-- DATA SUPPLIED --

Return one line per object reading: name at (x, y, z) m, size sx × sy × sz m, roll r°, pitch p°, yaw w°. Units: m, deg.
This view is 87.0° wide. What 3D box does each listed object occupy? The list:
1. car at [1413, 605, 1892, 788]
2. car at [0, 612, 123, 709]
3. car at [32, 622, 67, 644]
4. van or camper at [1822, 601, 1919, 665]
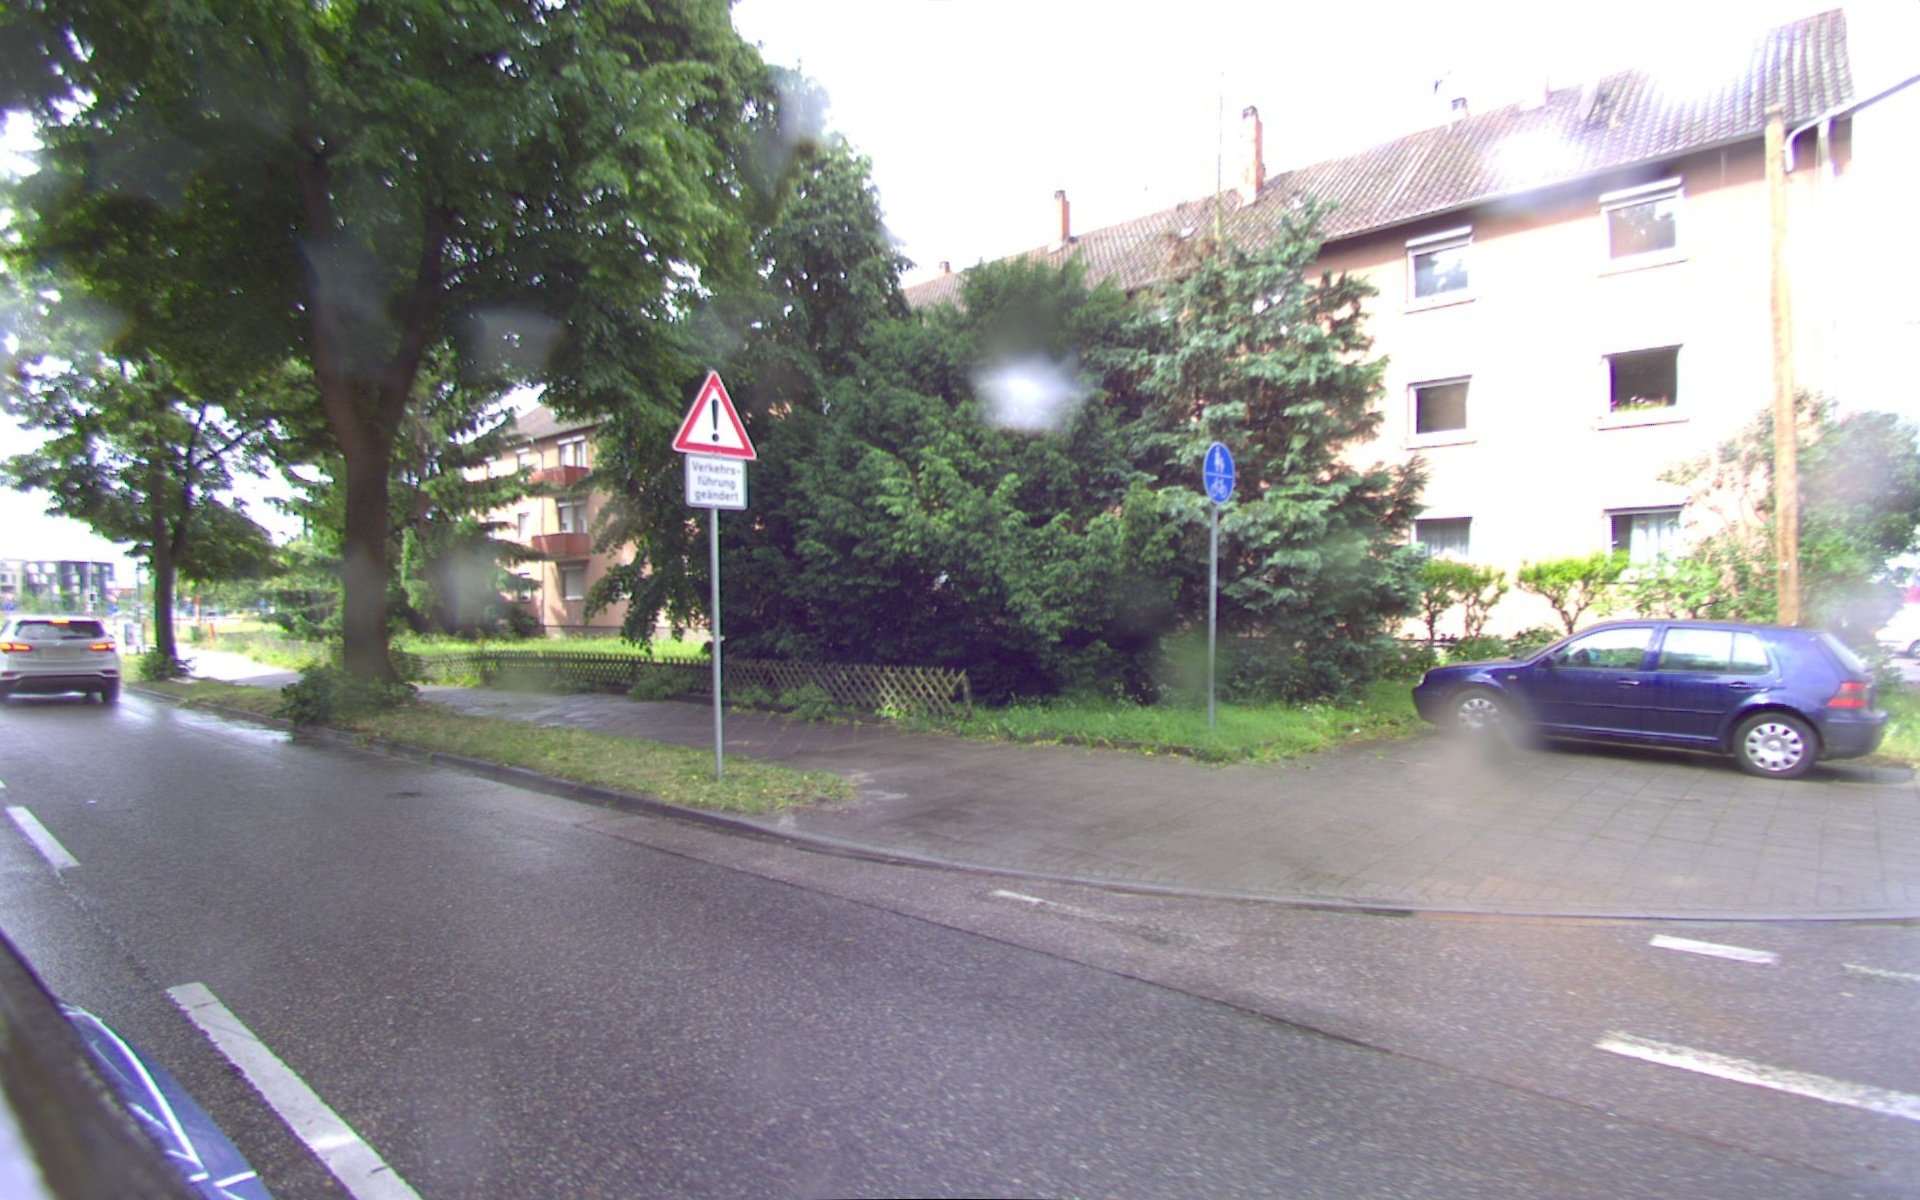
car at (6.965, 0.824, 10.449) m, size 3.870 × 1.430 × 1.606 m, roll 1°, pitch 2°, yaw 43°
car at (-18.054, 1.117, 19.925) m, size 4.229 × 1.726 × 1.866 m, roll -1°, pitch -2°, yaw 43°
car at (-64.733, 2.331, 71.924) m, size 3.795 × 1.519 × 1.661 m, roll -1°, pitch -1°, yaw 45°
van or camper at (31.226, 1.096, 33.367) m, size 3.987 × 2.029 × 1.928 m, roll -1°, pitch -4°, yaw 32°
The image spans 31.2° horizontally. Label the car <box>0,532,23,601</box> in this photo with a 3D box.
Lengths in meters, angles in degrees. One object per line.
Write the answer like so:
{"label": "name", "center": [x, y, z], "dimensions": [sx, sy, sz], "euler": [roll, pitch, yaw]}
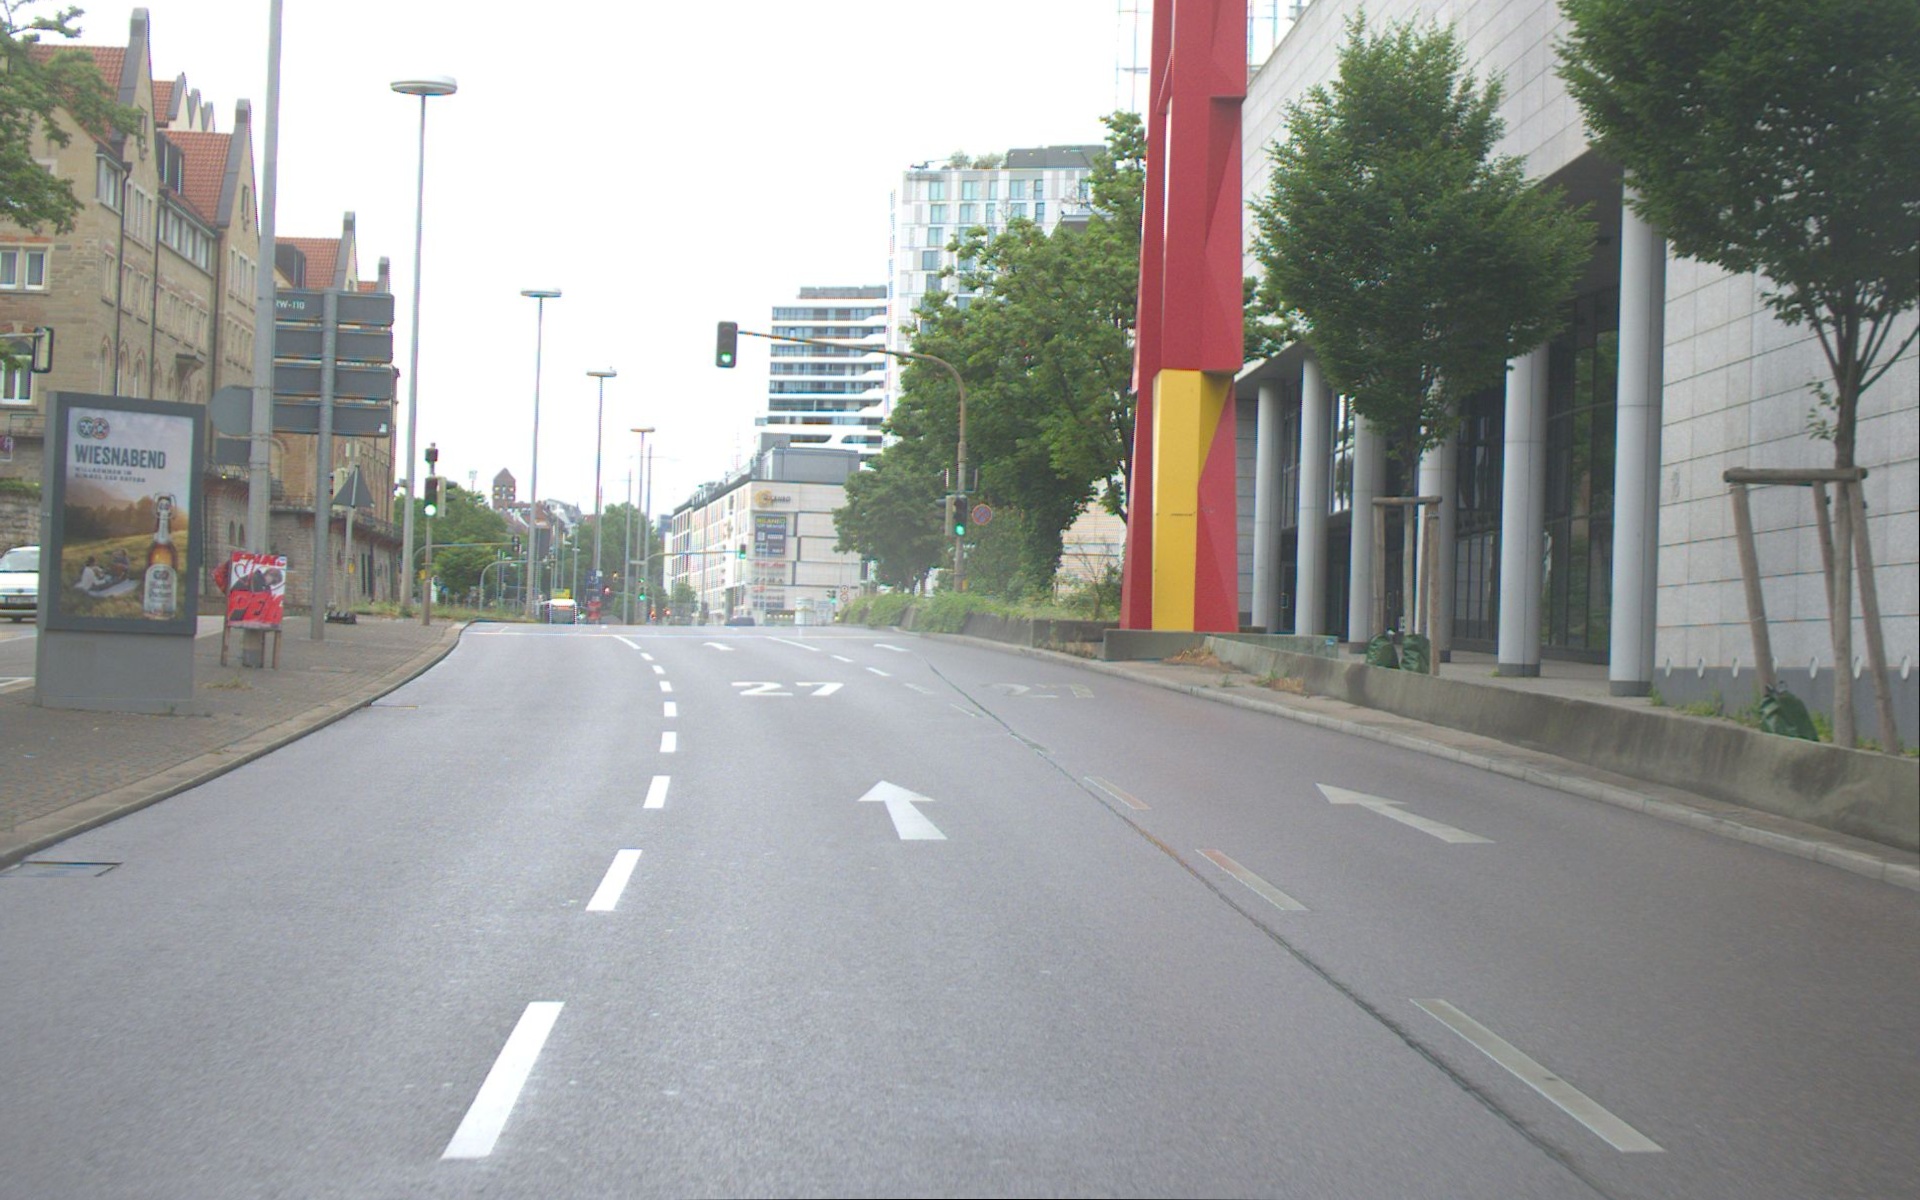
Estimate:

-- DESCRIPTION OF THE TASK --
Please set down every record exactly as it appears, leaving out the pictures.

-- SOLUTION TO THIS PROBLEM --
Return one line per object reading: name at (x, y, z) m, size sx × sy × sz m, roll r°, pitch p°, yaw w°. Units: m, deg.
This view is 87.0° wide. What 3D box does each listed object occupy? The list:
1. car at [1413, 605, 1892, 788]
2. car at [0, 612, 123, 709]
3. car at [32, 622, 67, 644]
4. van or camper at [1822, 601, 1919, 665]
car at (6.965, 0.824, 10.449) m, size 3.870 × 1.430 × 1.606 m, roll 1°, pitch 2°, yaw 43°
car at (-18.054, 1.117, 19.925) m, size 4.229 × 1.726 × 1.866 m, roll -1°, pitch -2°, yaw 43°
car at (-64.733, 2.331, 71.924) m, size 3.795 × 1.519 × 1.661 m, roll -1°, pitch -1°, yaw 45°
van or camper at (31.226, 1.096, 33.367) m, size 3.987 × 2.029 × 1.928 m, roll -1°, pitch -4°, yaw 32°
The image spans 31.2° horizontally. Label the car <box>0,532,23,601</box> in this photo with a 3D box.
Lengths in meters, angles in degrees. One object per line.
Write the answer like so:
{"label": "name", "center": [x, y, z], "dimensions": [sx, sy, sz], "euler": [roll, pitch, yaw]}
Estimate:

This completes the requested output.